┌────────
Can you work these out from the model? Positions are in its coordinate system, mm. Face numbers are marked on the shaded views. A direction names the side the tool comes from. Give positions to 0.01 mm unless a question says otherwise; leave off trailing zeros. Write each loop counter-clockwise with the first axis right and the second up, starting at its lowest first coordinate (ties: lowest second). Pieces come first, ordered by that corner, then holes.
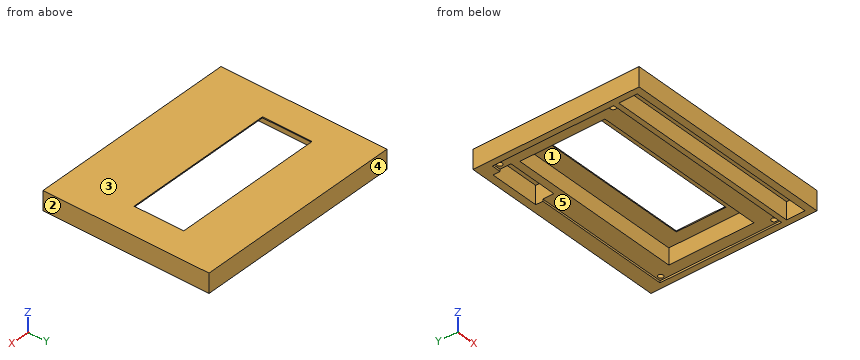
```python
from build123d import *

# Parameters (mm, degrees)
F1_W     = 104
F1_H     = 82
F1_W_2   = 87
F1_H_2   = 42
F1_W_3   = 75
F1_H_3   = 24.5
F1_W_4   = 25
F1_H_4   = 5.41
F1_H_5   = 3.5
F2_DEPTH = 9.5
F3_DEPTH = 9
F4_DEPTH = 1
F0_R     = 1.25
F5_DEPTH = 4
F6_W     = 98
F6_H     = 9.1468319297
F7_DEPTH = 8.5


with BuildPart() as f2:
    # F1 (on Top) → F2 (new body)
    with BuildSketch(Plane.XY):
        with Locations((0, -4)):
            Rectangle(F1_W, F1_H)
        Polygon((-44.4778376818, 30), (-44.4778376818, 33.5), (-19.4778376818, 33.5), (-19.4778376818, 30), (49, 30), (49, -30), (-49, -30), (-49, 30), align=None, mode=Mode.SUBTRACT)
        Polygon((-44.4778376818, 24.59), (-44.4778376818, 30), (-49, 30), (-49, -30), (49, -30), (49, 30), (-19.4778376818, 30), (-19.4778376818, 24.59), align=None)
        Rectangle(F1_W_2, F1_H_2, mode=Mode.SUBTRACT)
        Rectangle(F1_W_2, F1_H_2)
        Rectangle(F1_W_3, F1_H_3, mode=Mode.SUBTRACT)
        with Locations((-31.9778376818, 27.295)):
            Rectangle(F1_W_4, F1_H_4)
        with Locations((-31.9778376818, 31.75)):
            Rectangle(F1_W_4, F1_H_5)
    extrude(amount=F2_DEPTH)

    # F1 (on Top) → F3 (cut)
    with BuildSketch(Plane.XY):
        Rectangle(F1_W_2, F1_H_2)
        Rectangle(F1_W_3, F1_H_3, mode=Mode.SUBTRACT)
        with Locations((-31.9778376818, 27.295)):
            Rectangle(F1_W_4, F1_H_4)
        with Locations((-31.9778376818, 31.75)):
            Rectangle(F1_W_4, F1_H_5)
    extrude(amount=F3_DEPTH, mode=Mode.SUBTRACT)

    # F1 (on Top) → F4 (cut)
    with BuildSketch(Plane.XY):
        Polygon((-44.4778376818, 24.59), (-44.4778376818, 30), (-49, 30), (-49, -30), (49, -30), (49, 30), (-19.4778376818, 30), (-19.4778376818, 24.59), align=None)
        Rectangle(F1_W_2, F1_H_2, mode=Mode.SUBTRACT)
        Rectangle(F1_W_2, F1_H_2)
        Rectangle(F1_W_3, F1_H_3, mode=Mode.SUBTRACT)
        with Locations((-31.9778376818, 27.295)):
            Rectangle(F1_W_4, F1_H_4)
    extrude(amount=F4_DEPTH, mode=Mode.SUBTRACT)

    # F0 (on Top) → F5 (cut)
    with BuildSketch(Plane.XY):
        with Locations((-47, 28)):
            Circle(F0_R)
        with Locations((47, 28)):
            Circle(F0_R)
        with Locations((47, -28)):
            Circle(F0_R)
        with Locations((-47, -28)):
            Circle(F0_R)
    extrude(amount=F5_DEPTH, mode=Mode.SUBTRACT)

    # F6 (on face) → F7 (cut)
    with BuildSketch(Plane(origin=(0, 0, 0), x_dir=(1, 0, 0), z_dir=(0, 0, -1))):
        with Locations((0, 37.0334051549)):
            Rectangle(F6_W, F6_H)
    extrude(amount=-F7_DEPTH, mode=Mode.SUBTRACT)


solid = f2.part
```
1) Suppose I cut it at D-D on y = -25. Write out the boundary of the cut face in (x, z).
Values follow:
outline: (-52, 0) - (-49, 0) - (-49, 1) - (49, 1) - (49, 0) - (52, 0) - (52, 9.5) - (-52, 9.5) - close
2) Please list where these lines run through material, in increasing order: L1, parallel to X at y = 28, z = 2.9; L2, parallel to Y at x = 15.5, z = 1.25; L3, parallel to Y at x = -20.5, z = 1.5.
Values follow:
L1: x = -52 to -48.25, -45.75 to -44.48, -19.48 to 45.75, 48.25 to 52
L2: y = -45 to -41.61, -32.46 to -21, 21 to 37
L3: y = -45 to -41.61, -32.46 to -21, 21 to 24.59, 33.5 to 37
3) Suppose I cut it at A-A on y = -11. Write out the boundary of the cut face in (x, z), plus the area to 4 significant figures.
Values follow:
outline: (-52, 0) - (-49, 0) - (-49, 1) - (-43.5, 1) - (-43.5, 9) - (-37.5, 9) - (-37.5, 9.5) - (-52, 9.5) - close; (37.5, 9) - (43.5, 9) - (43.5, 1) - (49, 1) - (49, 0) - (52, 0) - (52, 9.5) - (37.5, 9.5) - close
area: 156.5 mm2
4) Suppose I cut it at C-C on x = 14.5. Write out the boundary of the cut face in (y, z).
Values follow:
outline: (-45, 0) - (-41.61, 0) - (-41.61, 8.5) - (-32.46, 8.5) - (-32.46, 0) - (-30, 0) - (-30, 1) - (-21, 1) - (-21, 9) - (-12.25, 9) - (-12.25, 9.5) - (-45, 9.5) - close; (12.25, 9) - (21, 9) - (21, 1) - (30, 1) - (30, 0) - (37, 0) - (37, 9.5) - (12.25, 9.5) - close
5) For the marked faces 1 and 2, which set-ups out of +Z, -Z, +X, -X, +Y, -Y let a thin tool reach every point of the face, with its end or its side?
Values follow:
face 1: -Z
face 2: +Z, -Z, +X, +Y, -Y
6) If we mould it in two halves opening along Y, with no side actions, what happens to the marked faces 3, 4 and 5? For each: +Y half, -Y half, draft (parallel to the pull), parting line (faces both ways), or undercut.
Values follow:
face 3: draft
face 4: +Y half
face 5: undercut
7) For pin 1 Ø2 at (x, y) = (47.5, 28.5) entering from -Z, with a flat end and sliding along its axis, tell me the tip position at first contact or that it passes through.
Values follow:
pin 1: stops at z = 1
8) Suppose I cut it at B-B on x = 47. Write out the boundary of the cut face in (y, z).
Values follow:
outline: (-45, 0) - (-41.61, 0) - (-41.61, 8.5) - (-32.46, 8.5) - (-32.46, 0) - (-30, 0) - (-30, 1) - (-29.25, 1) - (-29.25, 4) - (-26.75, 4) - (-26.75, 1) - (26.75, 1) - (26.75, 4) - (29.25, 4) - (29.25, 1) - (30, 1) - (30, 0) - (37, 0) - (37, 9.5) - (-45, 9.5) - close
└────────
■ Problem requirements:
Each line of the data that includes "first" should be copied.

■ Expected answer:
Can you work these out from the model? Positions are in its coordinate system, mm. Face numbers are marked on the shaded views. A direction names the side the tool comes from. Give positions to 0.01 mm unless a question says otherwise; leave off trailing zeros. Write each loop counter-clockwise with the first axis right and the second up, starting at its lowest first coordinate (ties: lowest second). Pieces come first, ordered by that corner, then holes.
7) For pin 1 Ø2 at (x, y) = (47.5, 28.5) entering from -Z, with a flat end and sliding along its axis, tell me the tip position at first contact or that it passes through.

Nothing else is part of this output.